Several years ago I had the same demands as you do. The solution I chose was to use ZFS via the ZFS-FUSE driver on my storage server. My thinking was that my personal photos, scanned documents, and other similar files were things that I may access only occasionally, so it may be a very long time, say a year or more, before I notice that a file has been corrupted due to a drive error or the like.
By that time, all of the backup copies I have may be this bit-rotted version of the file(s).
ZFS has a benefit over RAID-5 in that it can detect and repair errors in the data stored on the individual discs, even if the drives do not report a read error while reading the data. It will detect, via checksums, that one of the discs returned corrupted information and will use the redundancy data to repair that disc.
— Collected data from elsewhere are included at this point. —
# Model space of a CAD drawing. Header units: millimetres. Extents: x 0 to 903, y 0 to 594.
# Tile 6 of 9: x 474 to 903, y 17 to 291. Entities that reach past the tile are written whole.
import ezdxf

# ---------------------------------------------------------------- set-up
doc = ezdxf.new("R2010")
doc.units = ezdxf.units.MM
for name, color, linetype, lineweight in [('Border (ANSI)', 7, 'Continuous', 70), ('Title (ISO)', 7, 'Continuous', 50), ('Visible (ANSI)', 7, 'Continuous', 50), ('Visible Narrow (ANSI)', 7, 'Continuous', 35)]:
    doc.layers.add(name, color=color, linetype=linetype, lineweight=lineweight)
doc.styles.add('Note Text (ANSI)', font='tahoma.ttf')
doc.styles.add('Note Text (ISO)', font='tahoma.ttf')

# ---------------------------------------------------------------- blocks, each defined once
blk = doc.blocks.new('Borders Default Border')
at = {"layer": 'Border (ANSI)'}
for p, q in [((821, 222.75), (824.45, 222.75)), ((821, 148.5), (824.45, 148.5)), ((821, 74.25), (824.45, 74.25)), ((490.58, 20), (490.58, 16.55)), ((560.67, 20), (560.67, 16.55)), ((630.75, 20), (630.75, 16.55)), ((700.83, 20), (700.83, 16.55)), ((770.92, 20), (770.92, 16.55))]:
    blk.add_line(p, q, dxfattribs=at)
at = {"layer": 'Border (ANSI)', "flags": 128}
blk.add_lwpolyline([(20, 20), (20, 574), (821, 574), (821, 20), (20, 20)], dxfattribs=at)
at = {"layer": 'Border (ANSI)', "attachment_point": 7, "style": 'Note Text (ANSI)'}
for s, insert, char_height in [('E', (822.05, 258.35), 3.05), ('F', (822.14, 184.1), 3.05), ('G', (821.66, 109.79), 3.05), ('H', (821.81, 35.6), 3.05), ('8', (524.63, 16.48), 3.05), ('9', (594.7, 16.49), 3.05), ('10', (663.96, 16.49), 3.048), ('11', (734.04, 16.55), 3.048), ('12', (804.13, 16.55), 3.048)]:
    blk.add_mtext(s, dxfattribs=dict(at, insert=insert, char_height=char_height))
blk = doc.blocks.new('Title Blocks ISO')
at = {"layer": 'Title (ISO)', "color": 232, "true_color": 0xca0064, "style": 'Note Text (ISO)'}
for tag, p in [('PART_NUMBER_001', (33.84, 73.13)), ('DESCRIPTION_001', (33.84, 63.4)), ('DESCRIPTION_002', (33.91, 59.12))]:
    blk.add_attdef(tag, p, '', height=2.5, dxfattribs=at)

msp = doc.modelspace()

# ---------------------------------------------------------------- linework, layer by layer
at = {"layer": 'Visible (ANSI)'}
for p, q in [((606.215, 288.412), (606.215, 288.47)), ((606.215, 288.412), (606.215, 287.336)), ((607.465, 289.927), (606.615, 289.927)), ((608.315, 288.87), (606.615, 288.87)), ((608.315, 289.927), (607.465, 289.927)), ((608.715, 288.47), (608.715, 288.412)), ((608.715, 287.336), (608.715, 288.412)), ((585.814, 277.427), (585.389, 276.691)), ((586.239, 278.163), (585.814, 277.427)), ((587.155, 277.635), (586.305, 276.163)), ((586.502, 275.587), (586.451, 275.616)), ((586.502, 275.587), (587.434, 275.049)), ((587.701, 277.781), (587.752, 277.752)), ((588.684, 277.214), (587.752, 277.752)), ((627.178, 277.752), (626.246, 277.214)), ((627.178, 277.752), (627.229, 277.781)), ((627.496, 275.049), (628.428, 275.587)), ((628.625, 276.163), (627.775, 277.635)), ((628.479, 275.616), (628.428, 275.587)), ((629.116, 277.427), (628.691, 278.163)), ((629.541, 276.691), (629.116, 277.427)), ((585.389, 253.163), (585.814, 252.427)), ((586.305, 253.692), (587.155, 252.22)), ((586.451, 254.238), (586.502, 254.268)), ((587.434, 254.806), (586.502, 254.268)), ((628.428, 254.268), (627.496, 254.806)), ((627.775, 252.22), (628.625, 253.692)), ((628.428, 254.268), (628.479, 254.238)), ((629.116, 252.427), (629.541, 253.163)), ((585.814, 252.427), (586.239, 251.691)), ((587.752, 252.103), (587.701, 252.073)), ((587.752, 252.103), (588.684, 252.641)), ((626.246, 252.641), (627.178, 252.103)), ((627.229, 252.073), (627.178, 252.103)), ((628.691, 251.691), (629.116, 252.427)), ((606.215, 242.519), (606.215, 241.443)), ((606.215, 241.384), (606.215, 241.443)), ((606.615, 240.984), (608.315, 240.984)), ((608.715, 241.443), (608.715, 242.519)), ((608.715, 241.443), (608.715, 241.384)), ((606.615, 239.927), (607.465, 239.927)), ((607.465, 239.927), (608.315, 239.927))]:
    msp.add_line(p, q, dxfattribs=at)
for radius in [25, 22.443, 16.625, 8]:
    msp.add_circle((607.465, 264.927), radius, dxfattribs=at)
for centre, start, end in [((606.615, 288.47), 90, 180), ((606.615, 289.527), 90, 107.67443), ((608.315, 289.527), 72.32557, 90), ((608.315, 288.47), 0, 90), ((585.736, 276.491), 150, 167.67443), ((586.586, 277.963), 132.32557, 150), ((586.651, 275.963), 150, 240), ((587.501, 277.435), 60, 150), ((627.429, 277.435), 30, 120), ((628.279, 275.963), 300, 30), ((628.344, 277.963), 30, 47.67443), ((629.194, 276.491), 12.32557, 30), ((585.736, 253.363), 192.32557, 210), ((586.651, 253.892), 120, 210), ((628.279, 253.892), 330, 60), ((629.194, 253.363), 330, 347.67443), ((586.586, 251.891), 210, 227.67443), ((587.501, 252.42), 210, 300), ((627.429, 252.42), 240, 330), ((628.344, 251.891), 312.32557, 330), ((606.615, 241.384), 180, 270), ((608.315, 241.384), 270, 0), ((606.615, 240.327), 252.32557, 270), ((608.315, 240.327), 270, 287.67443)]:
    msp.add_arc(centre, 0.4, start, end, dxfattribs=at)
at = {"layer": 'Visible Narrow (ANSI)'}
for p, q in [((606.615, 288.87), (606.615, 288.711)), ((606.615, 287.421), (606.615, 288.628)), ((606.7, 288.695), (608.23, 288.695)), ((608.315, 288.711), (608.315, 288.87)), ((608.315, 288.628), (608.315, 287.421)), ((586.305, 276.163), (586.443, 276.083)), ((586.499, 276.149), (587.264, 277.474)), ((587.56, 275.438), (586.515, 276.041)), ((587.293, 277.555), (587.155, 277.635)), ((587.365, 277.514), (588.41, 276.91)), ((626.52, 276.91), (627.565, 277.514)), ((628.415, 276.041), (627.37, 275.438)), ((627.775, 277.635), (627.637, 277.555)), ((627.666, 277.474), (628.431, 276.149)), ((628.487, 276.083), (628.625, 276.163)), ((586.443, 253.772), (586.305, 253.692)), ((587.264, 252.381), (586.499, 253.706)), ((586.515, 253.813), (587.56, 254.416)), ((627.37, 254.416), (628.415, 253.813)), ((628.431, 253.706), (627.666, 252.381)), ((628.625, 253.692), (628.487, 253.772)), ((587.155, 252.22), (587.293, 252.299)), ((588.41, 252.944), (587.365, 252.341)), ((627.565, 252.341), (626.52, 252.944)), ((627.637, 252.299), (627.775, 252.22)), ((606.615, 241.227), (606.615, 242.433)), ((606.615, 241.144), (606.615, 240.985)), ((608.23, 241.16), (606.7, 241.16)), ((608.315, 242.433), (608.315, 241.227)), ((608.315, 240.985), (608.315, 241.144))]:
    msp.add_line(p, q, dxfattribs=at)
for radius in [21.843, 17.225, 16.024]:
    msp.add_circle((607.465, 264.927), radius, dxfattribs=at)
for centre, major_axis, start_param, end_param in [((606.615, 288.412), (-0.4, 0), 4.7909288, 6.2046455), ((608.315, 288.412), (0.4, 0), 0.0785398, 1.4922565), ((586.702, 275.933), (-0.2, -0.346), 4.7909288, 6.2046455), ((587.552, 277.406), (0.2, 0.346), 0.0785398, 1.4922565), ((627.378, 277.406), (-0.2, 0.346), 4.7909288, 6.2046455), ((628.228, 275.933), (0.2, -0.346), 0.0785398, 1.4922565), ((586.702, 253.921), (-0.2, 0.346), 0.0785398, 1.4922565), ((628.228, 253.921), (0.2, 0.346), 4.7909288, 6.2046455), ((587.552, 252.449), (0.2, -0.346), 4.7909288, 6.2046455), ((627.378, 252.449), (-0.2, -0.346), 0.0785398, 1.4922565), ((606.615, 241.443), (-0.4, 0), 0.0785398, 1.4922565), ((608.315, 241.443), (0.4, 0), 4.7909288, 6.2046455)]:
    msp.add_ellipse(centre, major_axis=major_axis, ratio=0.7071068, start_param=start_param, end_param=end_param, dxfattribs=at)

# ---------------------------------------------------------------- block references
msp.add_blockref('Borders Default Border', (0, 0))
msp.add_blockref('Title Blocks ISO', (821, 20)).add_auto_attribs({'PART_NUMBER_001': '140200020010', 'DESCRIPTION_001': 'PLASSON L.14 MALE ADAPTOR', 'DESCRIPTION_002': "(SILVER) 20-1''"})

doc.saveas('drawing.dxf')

Because of the way the checksumming in ZFS is designed, I felt that I could rely on it to store infrequently used data for long periods of time. Every week I run a "zpool scrub" which goes through and re-reads all the data and verifies checksums.
ZFS-FUSE has performed quite well for me over the last few years.
In the distant past, for a client, I implemented a database system that stored checksum information on all files stored under a particular directory. I then had another script that would run periodically and check the file against the checksum stored in the database. With that we could quickly detect a corrupted file and restore from backups. We were basically implementing the same sorts of checks that ZFS does internally.
How about unison? It is used for two-way synchronisation but it surely checks the checksum of a file.
– taper – 2019-04-14T10:32:41.977